Creative Commons License Copyright © Michael Richmond. This work is licensed under a Creative Commons License.

Tips and tricks for photometry of supernovae

Michael Richmond
June 6, 2014



Supernovae can occur at any time, in any galaxy. Since amateur astronomers take lots and lots of pictures of nearby galaxies, every night, they are often the first to capture the light of one of these distant explosions -- even if they don't know it at the time. Once a supernova has been noticed and announced, we sometimes discover that the earliest images don't come from a professional observatory. Can we still use those images for science? YES!

Even after a supernova has been discovered, most astronomers take only a picture or two, then grow bored and go back to their regular projects.
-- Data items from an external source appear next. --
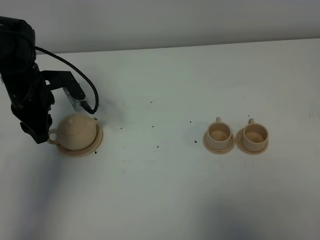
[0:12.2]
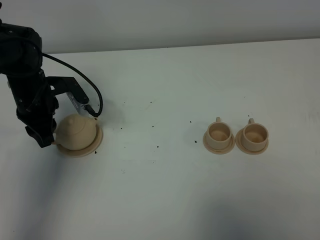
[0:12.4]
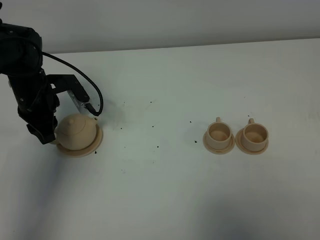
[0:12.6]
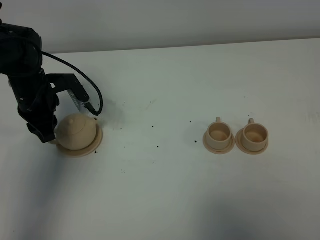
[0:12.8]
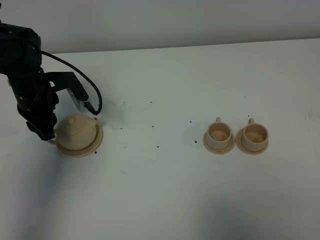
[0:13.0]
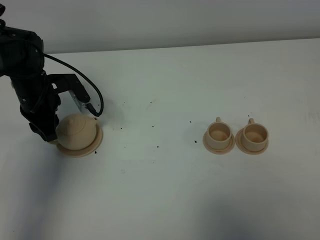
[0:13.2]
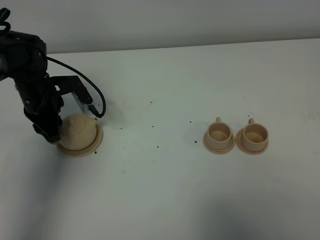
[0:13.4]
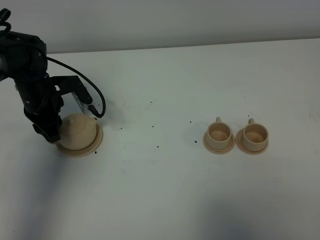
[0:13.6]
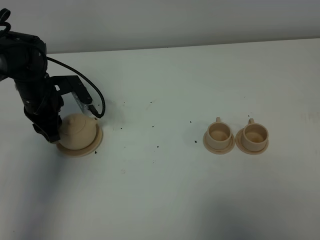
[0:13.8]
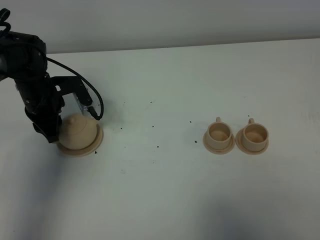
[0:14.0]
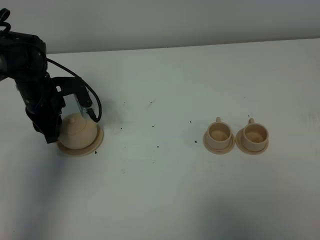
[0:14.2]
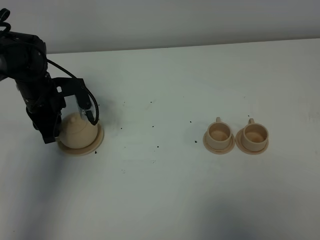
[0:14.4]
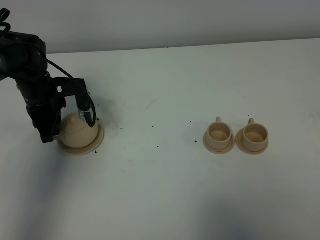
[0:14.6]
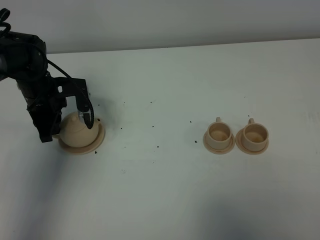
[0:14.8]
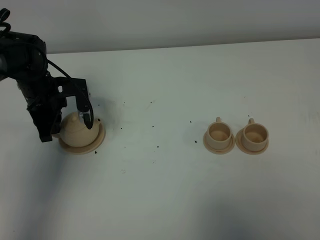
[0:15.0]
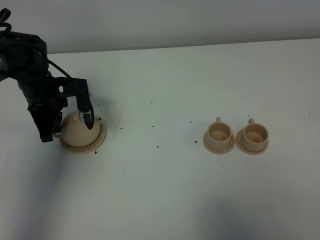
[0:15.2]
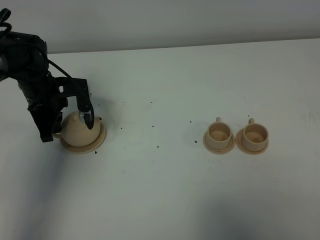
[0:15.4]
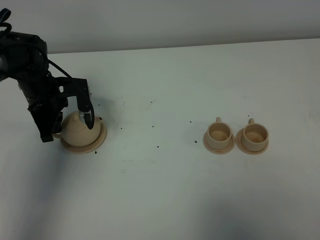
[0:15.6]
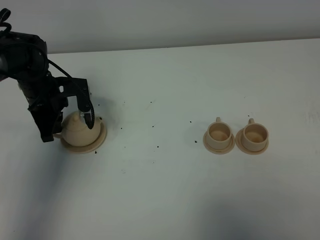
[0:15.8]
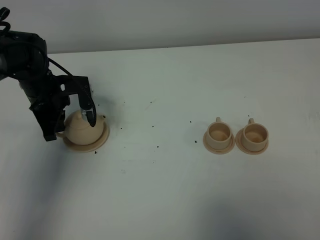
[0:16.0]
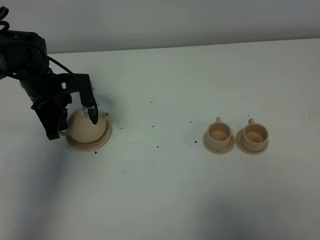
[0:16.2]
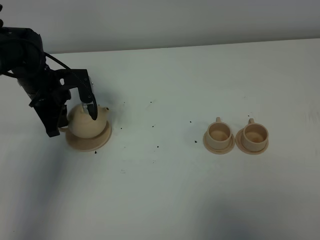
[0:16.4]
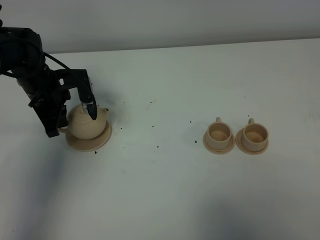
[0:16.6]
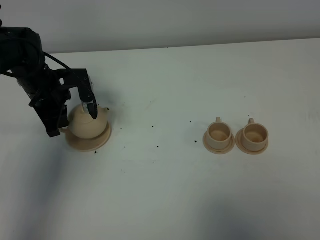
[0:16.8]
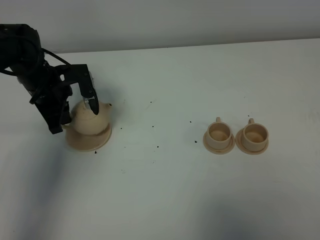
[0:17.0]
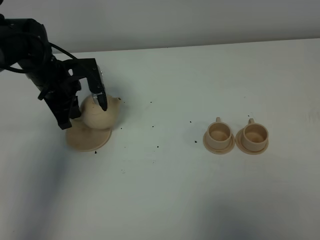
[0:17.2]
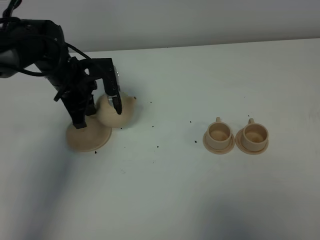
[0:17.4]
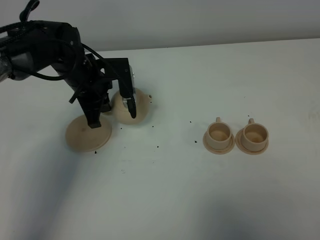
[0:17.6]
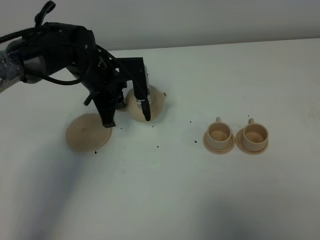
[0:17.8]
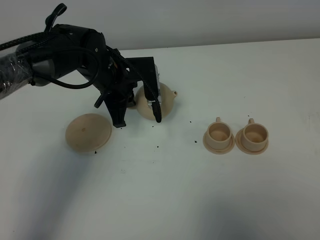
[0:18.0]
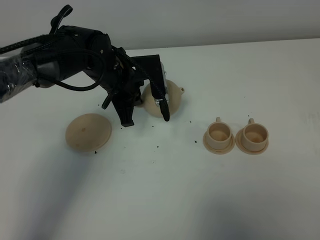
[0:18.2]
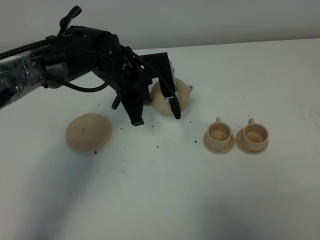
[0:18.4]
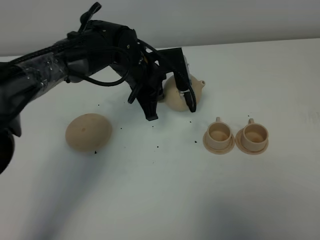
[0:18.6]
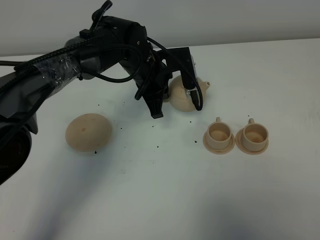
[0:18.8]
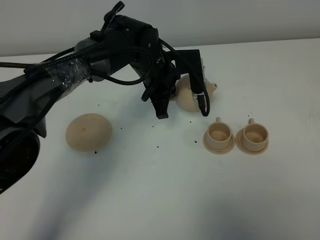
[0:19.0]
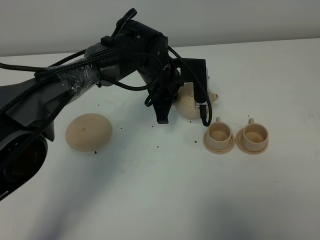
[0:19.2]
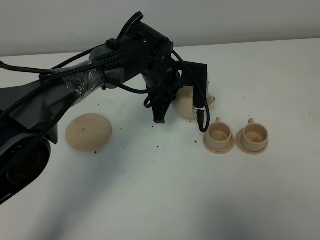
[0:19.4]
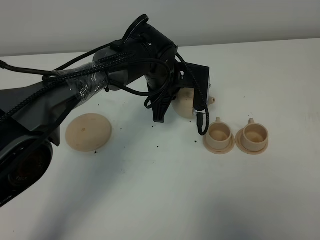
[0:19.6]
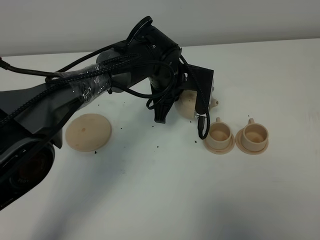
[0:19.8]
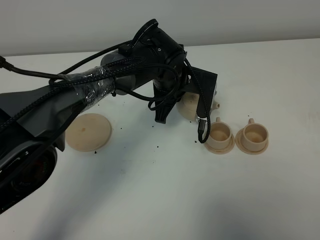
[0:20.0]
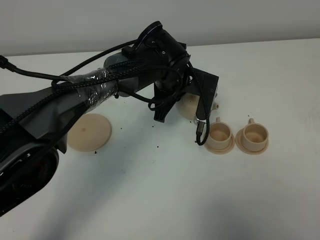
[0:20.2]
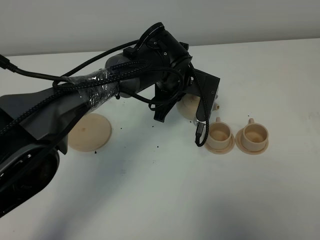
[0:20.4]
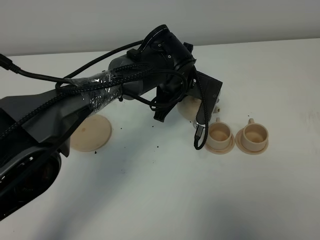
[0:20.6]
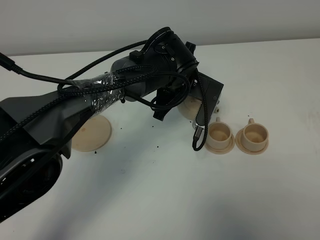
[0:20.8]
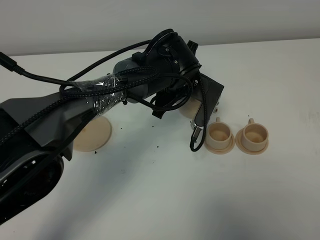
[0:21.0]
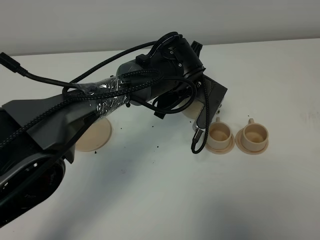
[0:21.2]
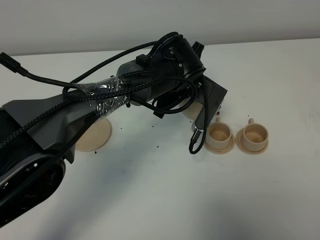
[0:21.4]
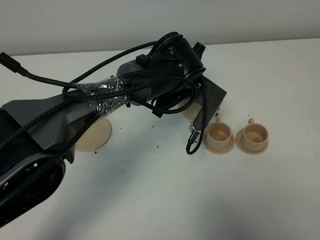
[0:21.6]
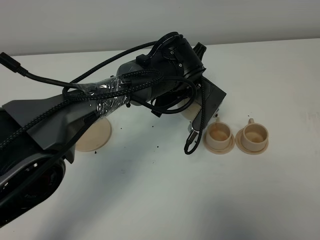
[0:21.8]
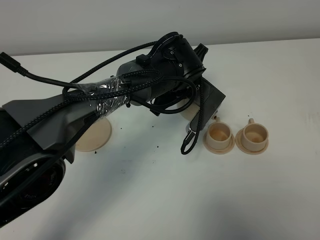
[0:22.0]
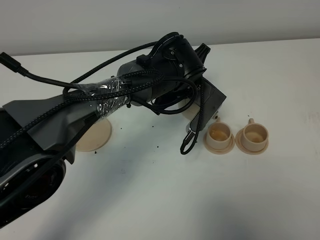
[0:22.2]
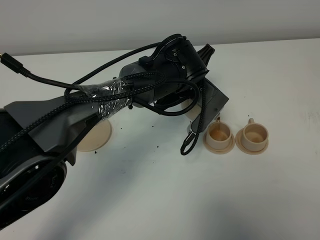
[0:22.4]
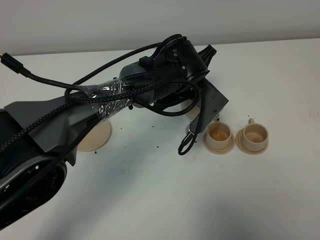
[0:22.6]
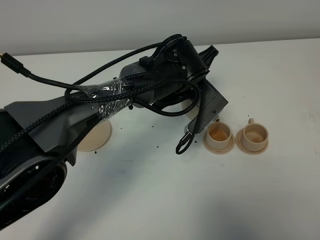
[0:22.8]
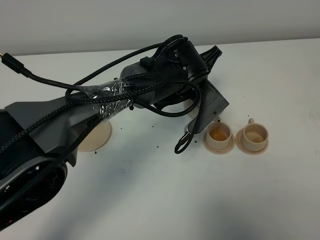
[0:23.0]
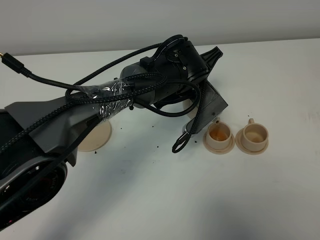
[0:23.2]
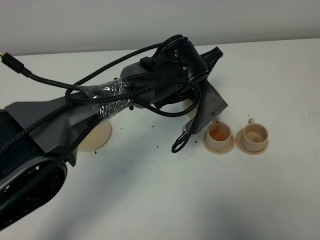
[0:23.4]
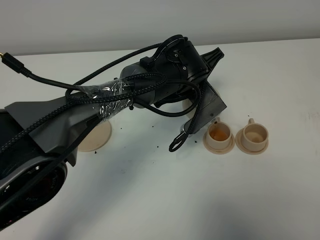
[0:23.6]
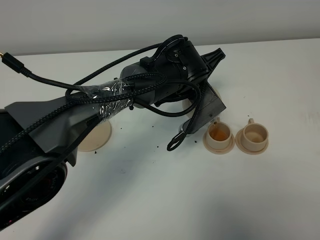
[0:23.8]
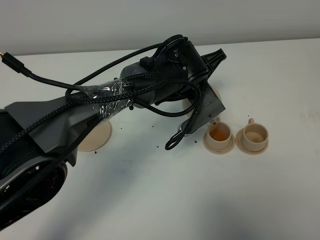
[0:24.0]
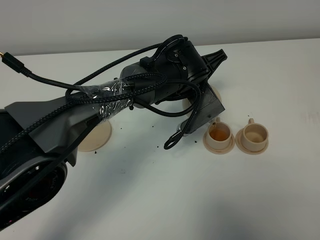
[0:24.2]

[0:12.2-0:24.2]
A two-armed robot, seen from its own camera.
Task of the whole recording: grasp the brown teapot and pour the tea into the two brown teacups one by one, put the brown teapot back in its original place.
Step, 0:12.2 to 0:16.0: Pick up the teapot with the left gripper.
0:12.2 to 0:13.8: The grippers stay close to where they were, moving slightly.
0:13.8 to 0:15.2: The left gripper closes its fingers.
0:15.2 to 0:16.6: The grippers stay close to where they were, moving slightly.
0:16.6 to 0:18.2: The left gripper goes about 15 cm to the right.
0:18.2 to 0:19.8: The left gripper goes some 10 cm to the right.
0:21.2 to 0:22.6: There are only small adjustments of the grippers.
0:22.6 to 0:24.2: The grippers stay close to where they were, moving slightly.

Occasionally, the only people who can afford to go out, night after night, to record the evolution of a supernova's light curve are the dedicated amateurs. Is it possible to rely on amateur images in an "official" published paper? YES!

But supernovae are sly creatures. You must be wary of their unusual natures, and ready to deal with them properly.

Making color corrections

In an ideal world, astronomers everywhere would use exactly the same equipment:

And, in this ideal world, astronomers would even make their measurements in exactly the same environment:

Alas, we live in an imperfect world. Astronomers do NOT use the same equipment, nor do they all peer through the same atmosphere. As a result, when we measure starlight, we are all using systems with slightly different overall spectral sensitivity. It should be no surprise that these difference can lead to systematic differences in photometry between observers.

Let's focus on just one element of this effect, which often dominate the results: filters. Two astronomers with slightly different filters will discover that their measurements suffer from an error which depends on the color of the target star.


Well, let's pick a specific filter and a pair of representative stars. The figure below shows the transmission curve of a Bessell V-band filter, which is designed to yield values close to the Johnson-Cousins magnitude system. It also shows the spectra of two main-sequence stars: a hot, blue B star, and a cool, red K star.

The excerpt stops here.